Below are records; reproduce exactly the lines from the one that has "- pallet (562, 9, 603, 29)" through the one that has "- cardboard box (1541, 129, 1582, 152)", ends included, and nothing more.

::: Data section

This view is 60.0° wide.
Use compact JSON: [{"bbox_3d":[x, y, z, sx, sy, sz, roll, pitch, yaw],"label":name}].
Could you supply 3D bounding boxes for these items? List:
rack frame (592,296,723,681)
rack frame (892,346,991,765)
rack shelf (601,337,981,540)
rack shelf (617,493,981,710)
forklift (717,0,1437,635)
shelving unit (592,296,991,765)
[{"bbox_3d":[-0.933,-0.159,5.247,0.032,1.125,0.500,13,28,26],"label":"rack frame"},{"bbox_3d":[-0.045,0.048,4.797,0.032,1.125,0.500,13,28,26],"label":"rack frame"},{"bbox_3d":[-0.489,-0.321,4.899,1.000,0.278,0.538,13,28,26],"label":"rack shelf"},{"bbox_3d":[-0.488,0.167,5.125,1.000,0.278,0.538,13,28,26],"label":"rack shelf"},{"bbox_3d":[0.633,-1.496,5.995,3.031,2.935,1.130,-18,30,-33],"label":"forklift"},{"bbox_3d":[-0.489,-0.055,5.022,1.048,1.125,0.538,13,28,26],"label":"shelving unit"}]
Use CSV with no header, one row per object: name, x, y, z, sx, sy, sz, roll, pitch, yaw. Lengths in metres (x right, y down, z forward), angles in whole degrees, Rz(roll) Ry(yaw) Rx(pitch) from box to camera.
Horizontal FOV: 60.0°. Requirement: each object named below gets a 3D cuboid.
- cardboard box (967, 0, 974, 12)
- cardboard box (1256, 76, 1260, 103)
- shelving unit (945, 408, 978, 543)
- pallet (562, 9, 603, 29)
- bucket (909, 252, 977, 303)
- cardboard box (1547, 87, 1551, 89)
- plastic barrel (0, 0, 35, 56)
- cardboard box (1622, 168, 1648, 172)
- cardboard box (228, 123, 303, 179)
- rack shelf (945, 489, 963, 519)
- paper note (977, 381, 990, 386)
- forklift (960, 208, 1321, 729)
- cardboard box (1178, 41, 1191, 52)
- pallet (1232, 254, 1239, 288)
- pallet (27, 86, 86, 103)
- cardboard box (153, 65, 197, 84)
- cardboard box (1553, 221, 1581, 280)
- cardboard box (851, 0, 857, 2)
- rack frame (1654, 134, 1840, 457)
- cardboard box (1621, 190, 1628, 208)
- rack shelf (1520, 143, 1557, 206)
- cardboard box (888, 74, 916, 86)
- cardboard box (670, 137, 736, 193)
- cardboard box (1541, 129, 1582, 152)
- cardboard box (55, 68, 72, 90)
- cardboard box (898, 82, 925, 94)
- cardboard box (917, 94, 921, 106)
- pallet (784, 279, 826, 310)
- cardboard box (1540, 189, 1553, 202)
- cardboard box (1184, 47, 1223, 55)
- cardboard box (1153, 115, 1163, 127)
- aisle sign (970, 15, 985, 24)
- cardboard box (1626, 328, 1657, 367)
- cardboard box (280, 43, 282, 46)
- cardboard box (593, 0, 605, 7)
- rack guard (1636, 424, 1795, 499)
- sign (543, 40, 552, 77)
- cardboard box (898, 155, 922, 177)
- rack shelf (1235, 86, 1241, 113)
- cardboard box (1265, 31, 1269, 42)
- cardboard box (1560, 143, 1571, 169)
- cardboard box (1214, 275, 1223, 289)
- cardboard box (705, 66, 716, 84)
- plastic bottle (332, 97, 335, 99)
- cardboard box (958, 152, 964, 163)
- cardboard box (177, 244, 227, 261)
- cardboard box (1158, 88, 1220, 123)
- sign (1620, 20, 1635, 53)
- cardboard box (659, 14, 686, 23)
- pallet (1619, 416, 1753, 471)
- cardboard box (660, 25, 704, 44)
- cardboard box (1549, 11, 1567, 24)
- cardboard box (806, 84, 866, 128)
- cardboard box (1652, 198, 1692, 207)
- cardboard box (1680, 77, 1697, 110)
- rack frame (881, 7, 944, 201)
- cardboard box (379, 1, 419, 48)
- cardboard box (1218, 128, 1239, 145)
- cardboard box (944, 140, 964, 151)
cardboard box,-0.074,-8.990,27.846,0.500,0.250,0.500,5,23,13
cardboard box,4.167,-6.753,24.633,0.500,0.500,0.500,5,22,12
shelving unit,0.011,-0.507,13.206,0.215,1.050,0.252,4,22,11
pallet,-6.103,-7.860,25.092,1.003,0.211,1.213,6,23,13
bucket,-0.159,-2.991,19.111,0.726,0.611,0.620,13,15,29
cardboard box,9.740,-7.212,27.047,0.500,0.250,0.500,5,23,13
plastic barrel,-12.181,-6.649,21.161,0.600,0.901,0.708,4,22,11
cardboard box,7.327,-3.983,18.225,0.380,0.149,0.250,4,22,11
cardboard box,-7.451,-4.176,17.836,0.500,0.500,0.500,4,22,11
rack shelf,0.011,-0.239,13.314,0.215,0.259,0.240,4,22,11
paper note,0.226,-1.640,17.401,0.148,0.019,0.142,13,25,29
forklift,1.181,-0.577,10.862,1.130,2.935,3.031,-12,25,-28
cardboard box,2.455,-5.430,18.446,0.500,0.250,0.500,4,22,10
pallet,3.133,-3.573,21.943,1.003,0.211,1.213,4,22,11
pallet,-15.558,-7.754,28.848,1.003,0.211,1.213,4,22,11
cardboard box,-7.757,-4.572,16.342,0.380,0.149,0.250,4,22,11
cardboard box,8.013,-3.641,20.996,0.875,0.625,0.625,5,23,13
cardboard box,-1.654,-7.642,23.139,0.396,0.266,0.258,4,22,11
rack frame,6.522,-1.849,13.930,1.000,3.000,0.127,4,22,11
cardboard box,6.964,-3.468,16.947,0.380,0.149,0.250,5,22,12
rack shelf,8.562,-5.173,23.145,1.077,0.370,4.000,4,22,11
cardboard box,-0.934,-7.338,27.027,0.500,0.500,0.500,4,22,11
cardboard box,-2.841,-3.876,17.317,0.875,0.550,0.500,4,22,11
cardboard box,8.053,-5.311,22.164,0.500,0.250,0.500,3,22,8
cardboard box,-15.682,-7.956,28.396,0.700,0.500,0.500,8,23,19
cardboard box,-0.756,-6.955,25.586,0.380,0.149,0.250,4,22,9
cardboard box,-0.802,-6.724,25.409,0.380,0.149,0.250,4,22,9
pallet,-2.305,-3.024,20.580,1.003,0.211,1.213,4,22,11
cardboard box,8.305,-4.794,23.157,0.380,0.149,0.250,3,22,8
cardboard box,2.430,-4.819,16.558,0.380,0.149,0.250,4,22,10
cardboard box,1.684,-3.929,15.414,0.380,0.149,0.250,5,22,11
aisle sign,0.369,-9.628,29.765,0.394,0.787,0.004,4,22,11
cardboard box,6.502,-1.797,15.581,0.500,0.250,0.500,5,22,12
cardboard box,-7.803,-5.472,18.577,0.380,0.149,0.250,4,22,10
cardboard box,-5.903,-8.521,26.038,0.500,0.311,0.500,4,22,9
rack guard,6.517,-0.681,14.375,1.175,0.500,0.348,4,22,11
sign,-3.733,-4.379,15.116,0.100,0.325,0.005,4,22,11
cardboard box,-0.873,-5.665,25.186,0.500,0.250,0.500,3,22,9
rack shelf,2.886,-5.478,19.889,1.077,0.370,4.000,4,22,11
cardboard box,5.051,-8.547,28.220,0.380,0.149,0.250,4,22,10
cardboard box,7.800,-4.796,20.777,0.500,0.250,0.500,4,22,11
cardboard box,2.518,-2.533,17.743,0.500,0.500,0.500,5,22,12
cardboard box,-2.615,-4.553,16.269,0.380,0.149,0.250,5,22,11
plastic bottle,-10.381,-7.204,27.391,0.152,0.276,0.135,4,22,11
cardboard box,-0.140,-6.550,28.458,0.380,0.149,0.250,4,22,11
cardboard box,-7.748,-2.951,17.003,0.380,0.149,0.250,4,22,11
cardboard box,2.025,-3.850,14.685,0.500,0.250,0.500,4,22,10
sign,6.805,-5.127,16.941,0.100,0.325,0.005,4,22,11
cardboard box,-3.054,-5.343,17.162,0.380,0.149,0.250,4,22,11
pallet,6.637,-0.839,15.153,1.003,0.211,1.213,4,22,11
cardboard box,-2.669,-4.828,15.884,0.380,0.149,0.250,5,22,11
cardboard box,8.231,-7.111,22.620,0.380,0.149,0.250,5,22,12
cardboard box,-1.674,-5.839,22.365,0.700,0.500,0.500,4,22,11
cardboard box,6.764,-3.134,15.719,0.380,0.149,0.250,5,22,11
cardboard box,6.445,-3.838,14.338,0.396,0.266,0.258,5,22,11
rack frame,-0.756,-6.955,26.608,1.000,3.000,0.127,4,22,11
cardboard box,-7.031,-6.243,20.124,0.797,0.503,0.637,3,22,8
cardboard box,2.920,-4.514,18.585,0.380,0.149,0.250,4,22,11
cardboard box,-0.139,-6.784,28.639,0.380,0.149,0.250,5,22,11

::::::

## Your solution
- pallet (562, 9, 603, 29)
- bucket (909, 252, 977, 303)
- cardboard box (1547, 87, 1551, 89)
- plastic barrel (0, 0, 35, 56)
- cardboard box (1622, 168, 1648, 172)
- cardboard box (228, 123, 303, 179)
- rack shelf (945, 489, 963, 519)
- paper note (977, 381, 990, 386)
- forklift (960, 208, 1321, 729)
- cardboard box (1178, 41, 1191, 52)
- pallet (1232, 254, 1239, 288)
- pallet (27, 86, 86, 103)
- cardboard box (153, 65, 197, 84)
- cardboard box (1553, 221, 1581, 280)
- cardboard box (851, 0, 857, 2)
- rack frame (1654, 134, 1840, 457)
- cardboard box (1621, 190, 1628, 208)
- rack shelf (1520, 143, 1557, 206)
- cardboard box (888, 74, 916, 86)
- cardboard box (670, 137, 736, 193)
- cardboard box (1541, 129, 1582, 152)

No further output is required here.